Par Olivier Bault.
Pologne – Le 24 janvier, l’Institut de la mémoire nationale (IPN), dépositaire des archives des anciens services de sécurité de la dictature communiste, a rendu publics 6500 dossiers jusqu’ici classés secret défense. L’ensemble de la partie restée jusqu’ici confidentielle des services communistes doit être divulguée d’ici au 31 mars. Seuls les documents dont la divulgation pourrait encore compromettre la sécurité de l’État seront laissés dans les archives secrètes. Le processus de passage en revue des archives communistes est réalisé en collaboration avec les services de sécurité polonais. La directrice des archives de l’IPN a informé qu’à ce jour, sur plus de 14 000 dossiers contrôlés, plus de 8 000 ont reçu le feu vert pour être rendus publics. Les archives concernées ne contiennent toutefois pas les dossiers hérités du renseignement militaire de l’ancienne armée « populaire ».

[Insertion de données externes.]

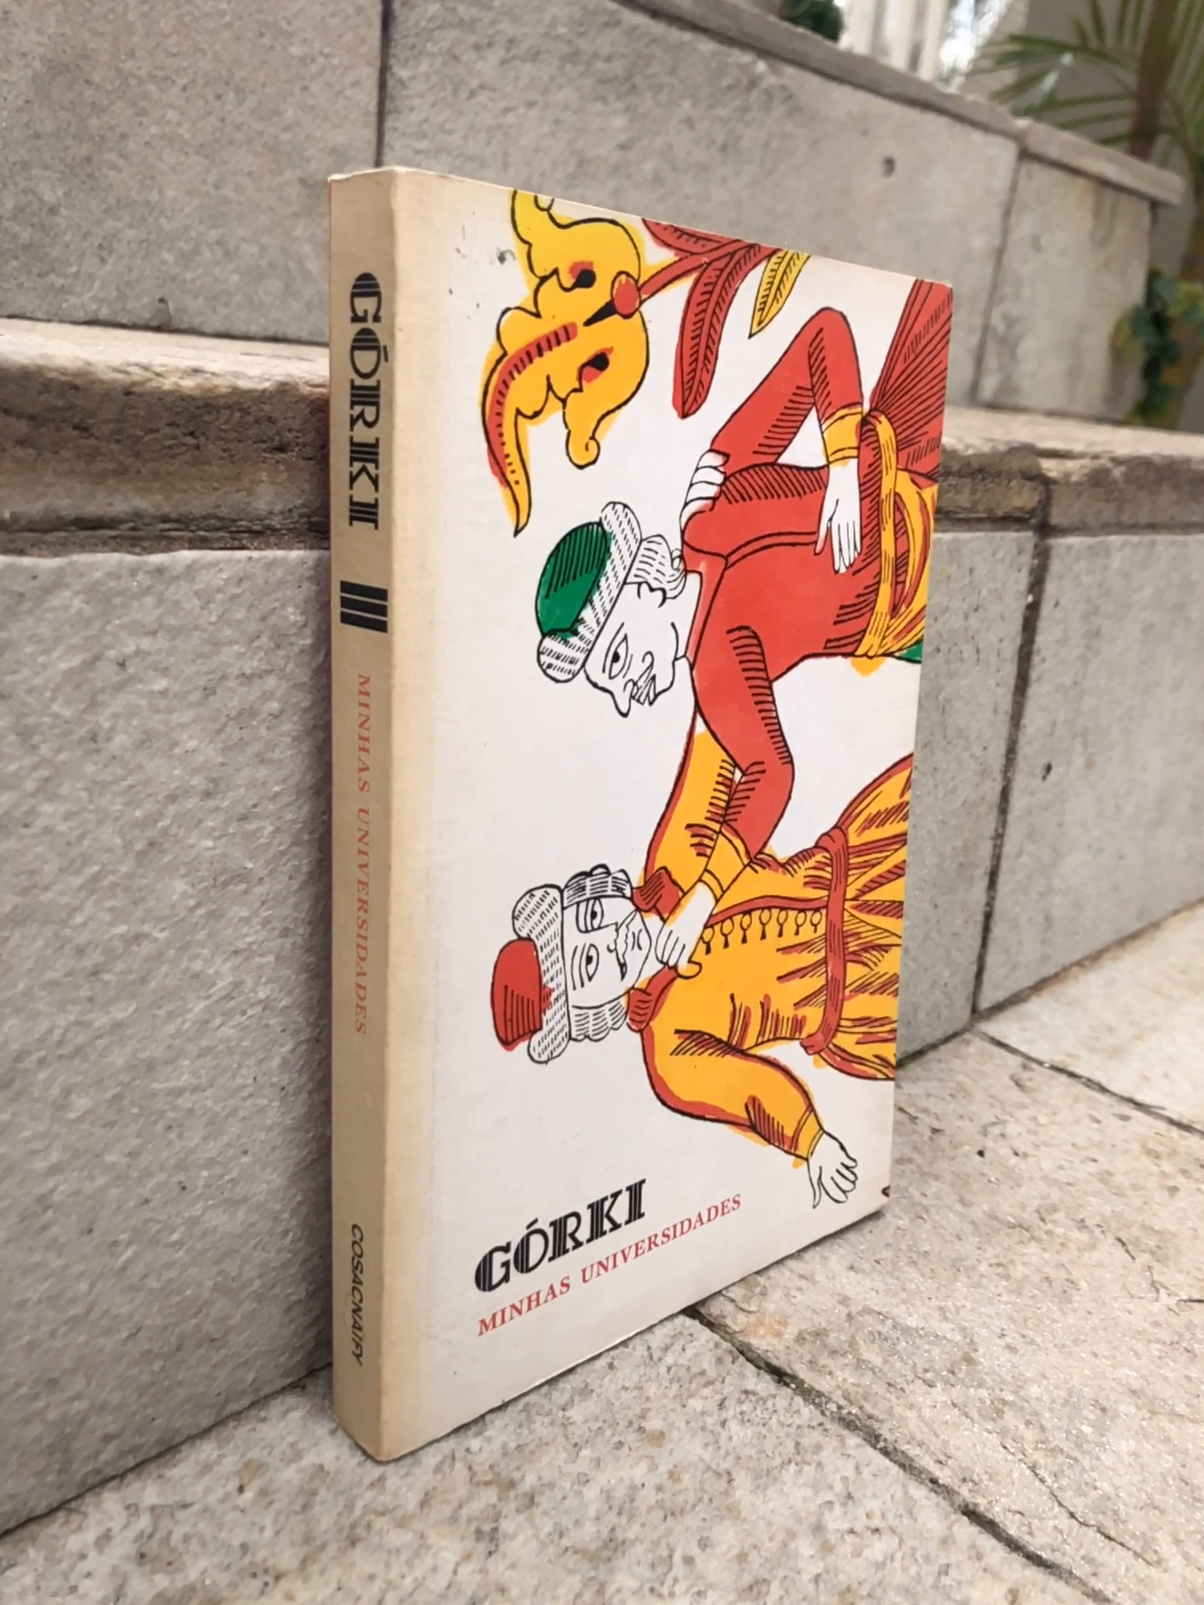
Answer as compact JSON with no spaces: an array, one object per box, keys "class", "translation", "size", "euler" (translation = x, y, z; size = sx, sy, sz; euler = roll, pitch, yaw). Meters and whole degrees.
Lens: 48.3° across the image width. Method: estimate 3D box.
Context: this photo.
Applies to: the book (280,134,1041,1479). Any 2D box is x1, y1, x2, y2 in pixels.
[{"class":"book","translation":[0.016,-0.002,0.240],"size":[0.142,0.189,0.030],"euler":[-10,18,-40]}]

La divulgation de ces dossiers, si elle peut se révéler gênante pour certaines personnes, y compris des personnes qui ont rempli des fonctions importantes dans la Pologne post-communiste, donnera aux historiens une vaste source d’informations sur la Pologne satellite de la Russie soviétique dans les années 1945 à 1990, et notamment sur le fonctionnement de sa police politique et de son contre-renseignement, ainsi que sur les personnes ayant collaboré ou ayant été ciblées par ces services.
Parmi les nouveaux documents consultés par l’historien Sławomir Cenckiewicz, vice-président du conseil d’administration de l’IPN, certains concernaient par exemple le colonel Ryszard Kukliński, alias Jack Strong, qui avait été exfiltré aux USA après avoir dévoilé aux Américains les plans d’attaque du Pacte de Varsovie, et le futur général, devenu chef du contre-renseignement de la Pologne démocratique au début des années 90, Gromosław Czempiński. C’est lui qui avait, en tant qu’officier du Service de sécurité (SB) communiste, mené l’opération contre l’agente de liaison de la CIA chargée des contacts avec Kukliński. Si ce dossier avait été placé dans les archives secrètes, c’est justement en raison de sa fonction importante dans la Pologne post-communiste. Même après la chute du communisme, le général Czempiński qualifiait le colonel Kukliński, dont les deux fils ont perdu la vie dans des circonstances non élucidées en 1994 (une vengeance des anciens services communistes ?), de traître. Car comme l’avait expliqué le général Jaruzelski lui-même : « Si Kukliński est un héros, alors qu’étions-nous ? Si on rend à Kukliński son honneur et qu’on l’innocente, cela veut dire que c’est nous qui n’avons pas d’honneur et que nous sommes coupables ».
La divulgation de ces archives secrètes pourrait donc encore faire des vagues et accentuer l’hostilité d’une certaine opposition face au PiS.